### Task requirements
Find the line containing "- person at [1460, 603, 1463, 606]" in the material below, then please transcribe it and each line after it exactly, without the pictures.

### Listed records
------------------------

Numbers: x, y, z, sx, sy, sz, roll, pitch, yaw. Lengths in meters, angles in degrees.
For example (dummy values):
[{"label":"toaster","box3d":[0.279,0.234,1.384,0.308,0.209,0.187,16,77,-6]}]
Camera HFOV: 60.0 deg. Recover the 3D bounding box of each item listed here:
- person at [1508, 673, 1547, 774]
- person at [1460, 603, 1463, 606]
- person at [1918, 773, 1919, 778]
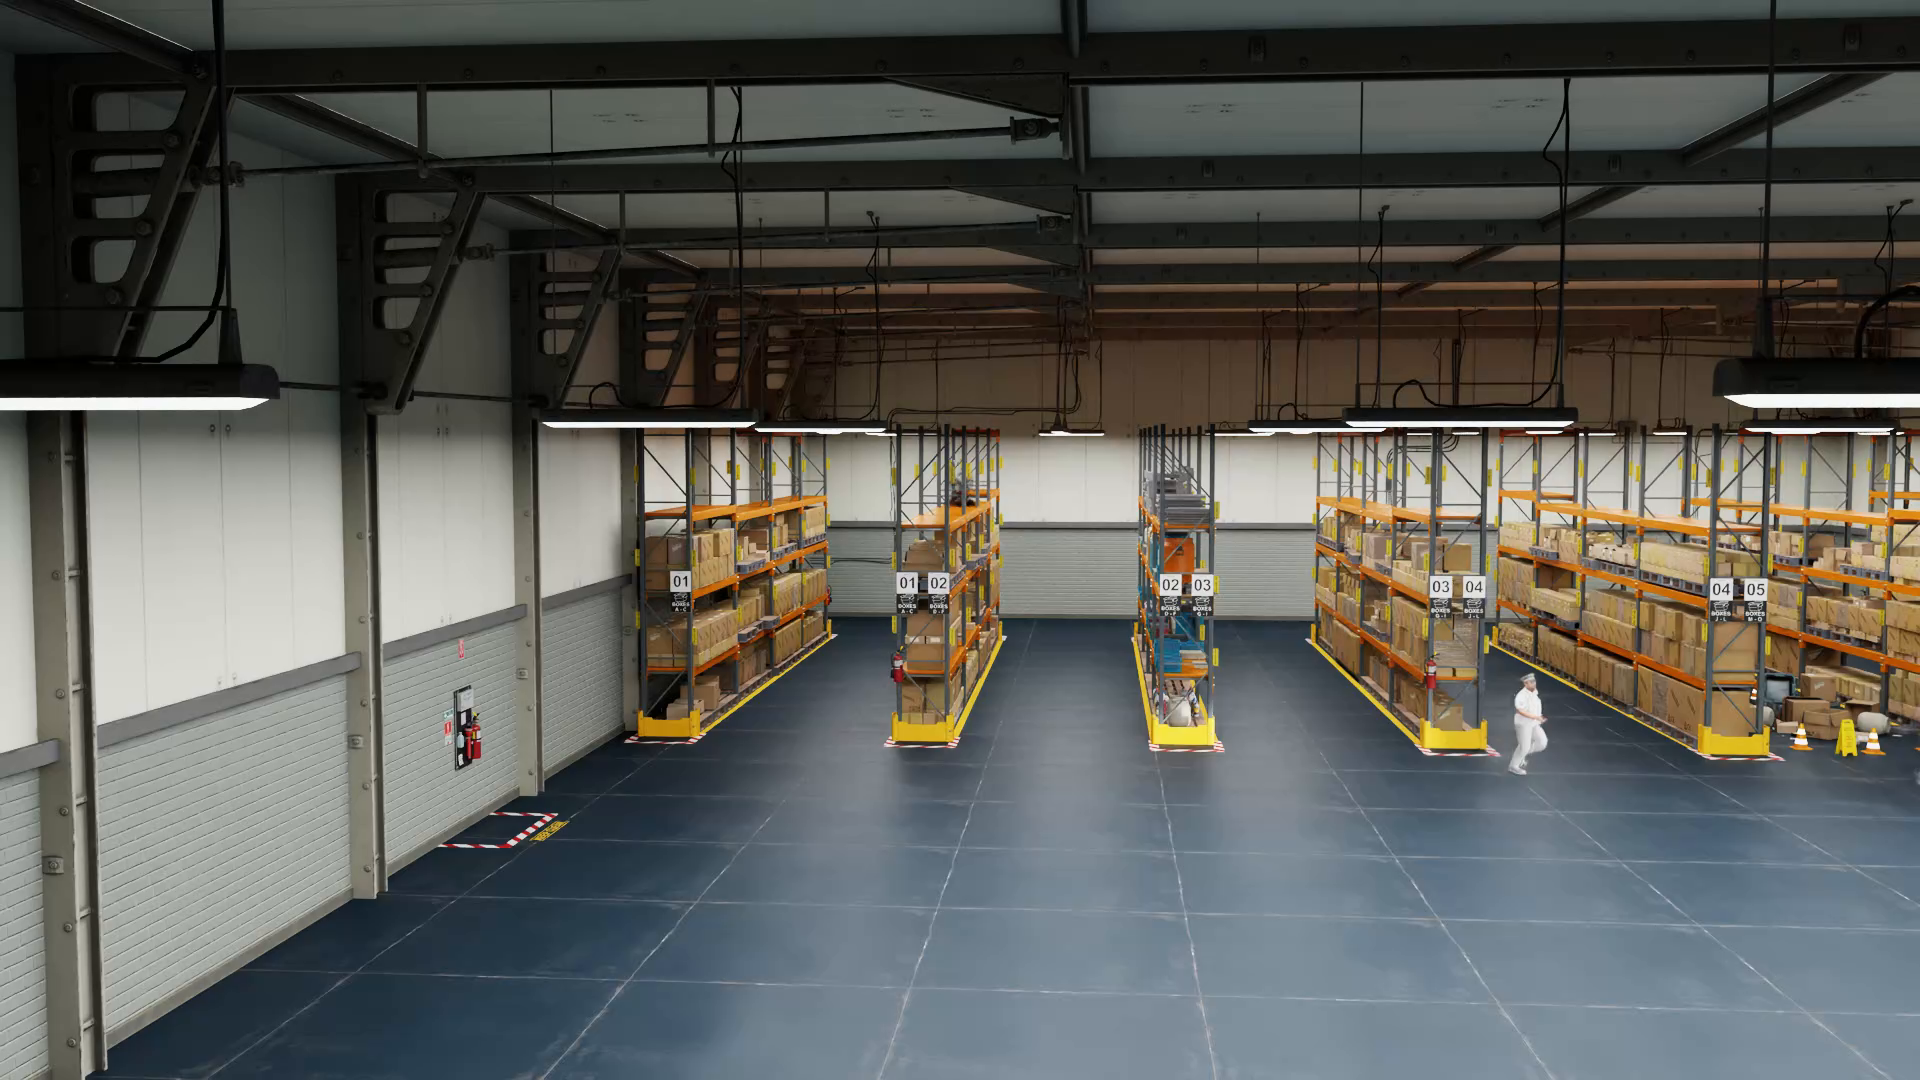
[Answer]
[{"label":"person","box3d":[9.729,3.126,28.359,0.687,1.741,0.706,-3,4,-38]},{"label":"person","box3d":[14.366,2.040,47.261,0.843,1.622,0.631,-1,4,-19]},{"label":"person","box3d":[15.562,3.220,26.475,0.684,1.673,0.612,-3,4,-37]}]

------------------------

### The completed task
- person at [1460, 603, 1463, 606]
- person at [1918, 773, 1919, 778]
[Answer]
[{"label":"person","box3d":[9.729,3.126,28.359,0.687,1.741,0.706,-3,4,-38]},{"label":"person","box3d":[14.366,2.040,47.261,0.843,1.622,0.631,-1,4,-19]},{"label":"person","box3d":[15.562,3.220,26.475,0.684,1.673,0.612,-3,4,-37]}]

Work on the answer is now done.